Die Staatsanwaltschaft ist nach Informationen der "Süddeutschen Zeitung" mit einem Durchsuchungsbeschluss beim katholischen Erzbistum München und Freising vorstellig geworden. Die Aktion soll im Zusammenhang mit dem Missbrauchsskandal in der katholischen Kirche stehen.
Das Erzbistum wollte sich auf Anfrage nicht äußern. Gegen Kardinal Reinhard Marx richteten sich die Ermittlungen nicht, schreibt die Zeitung.
"Wie bereits bekannt, ist die Staatsanwaltschaft München I mit der Prüfung der Anfang August 2021 durch die Kanzlei Westpfahl Spilker Wastl mitgeteilten über 40 Fälle befasst, in denen (...) aus dortiger Sicht ein Fehlverhalten kirchlicher Verantwortungsträger gegeben sein könnte", sagte die Sprecherin der Justizbehörde, Anne Leiding. "Wir können wie üblich zu laufenden Ermittlungen keine Auskünfte geben, werden aber voraussichtlich zum Abschluss der Ermittlungen von uns aus mit Informationen an die Medien herantreten."
Die Kanzlei Westpfahl Spilker Wastl (WSW) hatte im Januar 2022 im Auftrag des Erzbistums ein Aufsehen erregendes Gutachten veröffentlicht. Die Studie geht von mindestens 497 Opfern und 235 mutmaßlichen Tätern aus - und von einem weit größeren Dunkelfeld.
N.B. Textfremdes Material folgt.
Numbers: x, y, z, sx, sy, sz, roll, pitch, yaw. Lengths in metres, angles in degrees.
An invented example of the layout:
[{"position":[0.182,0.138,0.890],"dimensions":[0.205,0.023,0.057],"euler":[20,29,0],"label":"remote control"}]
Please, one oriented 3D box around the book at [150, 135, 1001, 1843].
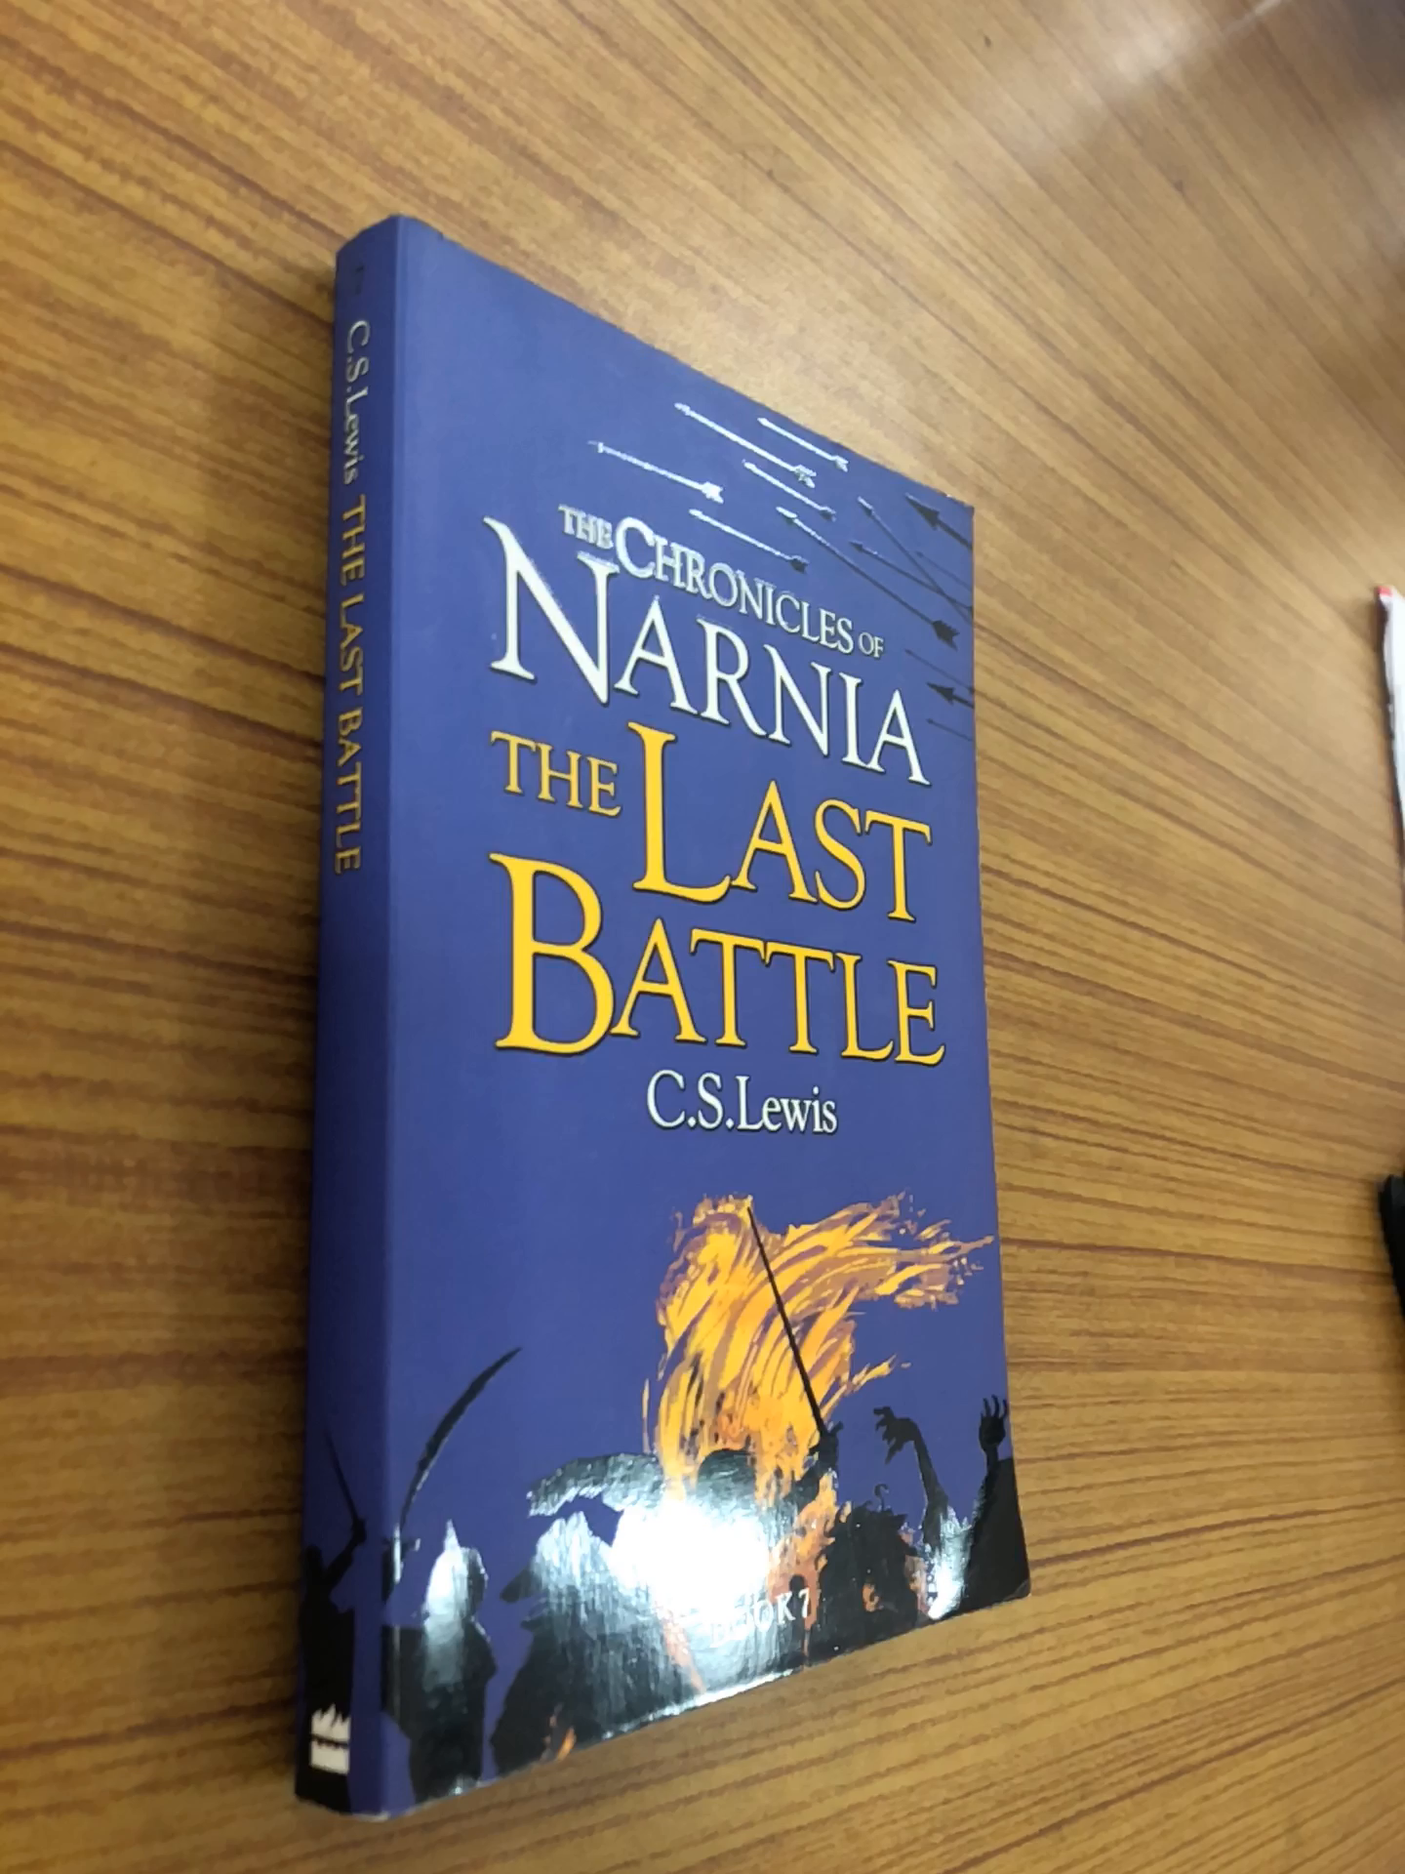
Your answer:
[{"position":[-0.008,0.007,0.244],"dimensions":[0.141,0.030,0.200],"euler":[10,76,-47],"label":"book"}]

Bei der Aktion der Staatsanwaltschaft am 16. Februar soll es laut "SZ" um einen inzwischen gestorbenen Geistlichen gegangen sein, dessen Taten bis in die 1960er Jahre zurück reichen.
"Zeitenwende" im Verhältnis zur Kirche
Es sei "die erste und schon lange überfällige Durchsuchung einer Staatsanwaltschaft mit richterlichem Durchsuchungsbefehl", sagte der Kirchenrechtler Thomas Schüller der dpa und sprach von einer "Zeitenwende im Verhältnis von staatlicher Justiz und den Kirchen". Schüller: "Endlich zeigt der Rechtsstaat der katholischen Kirche und damit auch der evangelischen Kirche die Zähne."
Die Justiz - vor allem in Bayern - war immer wieder dafür kritisiert worden, die Kirche mit der Aufarbeitung des Missbrauchsskandals sich selbst zu überlassen, nicht einzugreifen und damit Vertuschung zu ermöglichen. Justizminister Georg Eisenreich (CSU) hatte sich zuletzt im Dezember im Landtag für eine unabhängige Anlaufstelle für Betroffene ausgesprochen und betont, dass kirchliche Gutachten für die Verfolgung von Straftaten nur eine sehr untergeordnete Rolle spielten.
Auch wenn das Erzbistum stets betont hat, mit der Staatsanwaltschaft zusammenzuarbeiten und alle relevanten Unterlagen übermittelt zu haben, und auch wenn laut "SZ" bei der Aktion nichts Nennenswertes gefunden worden sein soll, hat sie aus Sicht Schüllers großen symbolischen Wert: "Die Justiz im Freistaat Bayern macht es allen Bundesländern vor und demonstriert, dass die Schonzeit für die Kirchen vorbei ist, wenn es um den Verdacht schwerer Sexualstraftaten geht. Die Kirchen sind kein Staat im Staat, besitzen keine Sonderrechte und müssen wie jedermann behandelt werden", sagte er.